On the topic itself:

If you want to bring formerly offshored industries back at scale (a overall dubious plan in my opinion), then high unemployment is a good starting point because it helps avoid labor shortages and price spikes in unrelated industries.

But what CNN reports is too small to have much of an effect on that.



These same numbers come out and are reported on every month. It would be more conspicuous not to report on the August numbers.


> then high unemployment is a good starting point

This strikes me as overly simplistic and optimistic. The real world is not a zero-sum-game where if someone loses someone else wins.

Macroeconomics in today's world is an interconnected hot mess where I wouldn't dare to infer much except for that simple cause and effect chains surely do not work.

What you deduce might be true in an otherwise stable and sunny economic climate, but we're far from that.

- Trumps active hand in messing with the US economy (Going on an immigrant (labor) hunt, firing a FED governor and threatening Powell, buying into Intel, imposing tariffs coughed up by an LLM)

- Unprecedented amounts of money are being singularly invested into "AI" and not much else

- Consumer prices for Americans as a compound combination of tariffs and an expected weaker dollar if interest rates go down aren't playing well with peak unemployment

Taking that all in, comparatively to only a couple of months ago, this setup is by far not the most desirable investment climate in the US for foreign investment.

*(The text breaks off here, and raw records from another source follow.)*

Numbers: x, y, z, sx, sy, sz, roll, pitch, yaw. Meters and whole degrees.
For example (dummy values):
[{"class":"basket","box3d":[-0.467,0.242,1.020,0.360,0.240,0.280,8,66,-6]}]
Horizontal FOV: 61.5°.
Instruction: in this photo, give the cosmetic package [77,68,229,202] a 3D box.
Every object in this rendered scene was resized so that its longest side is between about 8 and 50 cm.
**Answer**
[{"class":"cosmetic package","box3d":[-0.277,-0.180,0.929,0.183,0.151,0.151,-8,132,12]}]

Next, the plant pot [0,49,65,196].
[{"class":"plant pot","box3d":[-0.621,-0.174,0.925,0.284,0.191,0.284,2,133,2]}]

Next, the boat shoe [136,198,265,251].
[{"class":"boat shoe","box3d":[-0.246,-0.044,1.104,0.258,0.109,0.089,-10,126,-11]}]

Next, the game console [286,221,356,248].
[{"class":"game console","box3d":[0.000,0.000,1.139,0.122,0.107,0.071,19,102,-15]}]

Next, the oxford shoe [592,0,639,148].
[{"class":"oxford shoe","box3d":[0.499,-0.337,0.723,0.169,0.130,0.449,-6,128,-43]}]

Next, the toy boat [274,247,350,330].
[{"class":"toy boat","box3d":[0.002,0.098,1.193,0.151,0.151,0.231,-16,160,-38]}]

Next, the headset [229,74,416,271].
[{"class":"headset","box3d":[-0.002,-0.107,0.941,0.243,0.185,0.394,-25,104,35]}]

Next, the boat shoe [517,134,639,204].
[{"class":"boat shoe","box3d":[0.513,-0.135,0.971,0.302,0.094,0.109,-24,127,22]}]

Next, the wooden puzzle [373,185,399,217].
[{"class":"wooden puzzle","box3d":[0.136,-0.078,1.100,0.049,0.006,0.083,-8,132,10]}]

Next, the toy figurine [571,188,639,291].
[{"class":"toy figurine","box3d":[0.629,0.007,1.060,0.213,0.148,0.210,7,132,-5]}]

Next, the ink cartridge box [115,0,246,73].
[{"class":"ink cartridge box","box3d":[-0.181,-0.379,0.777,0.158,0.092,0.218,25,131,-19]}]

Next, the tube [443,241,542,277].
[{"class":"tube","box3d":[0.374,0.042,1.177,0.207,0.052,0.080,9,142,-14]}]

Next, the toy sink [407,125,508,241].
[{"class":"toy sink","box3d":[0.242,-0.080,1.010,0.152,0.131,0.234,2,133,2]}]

And while bringing back offshored industries sure sounds nice on paper, I'm wondering how that's gonna play out with a) historically high CoL in the US leading to b) higher wages required for the supposed high quality jobs coming back leading to c) high prices to purchase said goods.

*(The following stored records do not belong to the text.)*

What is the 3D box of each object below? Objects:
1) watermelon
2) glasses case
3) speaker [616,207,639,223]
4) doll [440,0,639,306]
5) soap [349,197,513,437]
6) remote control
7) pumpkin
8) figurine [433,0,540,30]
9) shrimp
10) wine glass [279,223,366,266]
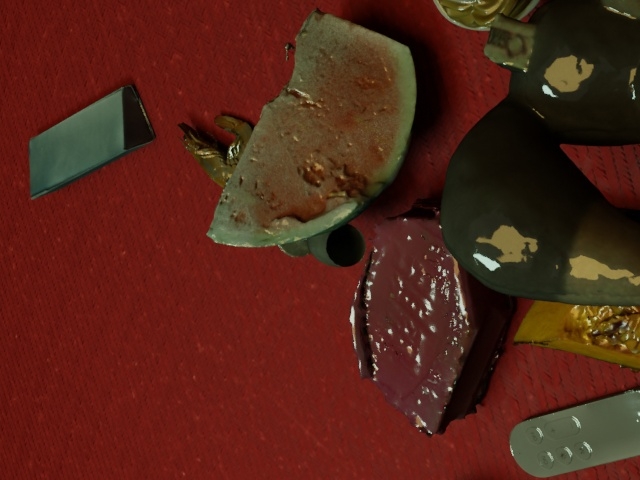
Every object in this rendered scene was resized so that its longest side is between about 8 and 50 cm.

I'm being a bit facetious here, but if the actual plan is to bring back comparatively low-wage, labor intensive industries to the US, then I think high unemployment at the start of the process is exactly what you want; otherwise, you will cannibalize existing industries for the required labor, inflating prices for everything.

I do not think that doing this is a good idea, especially not at scale, and I believe that the tariff incentives as they currently stand are insufficient to achieve this anyway (but "sufficient" increases to tariff levels are unpalatable and infeasible).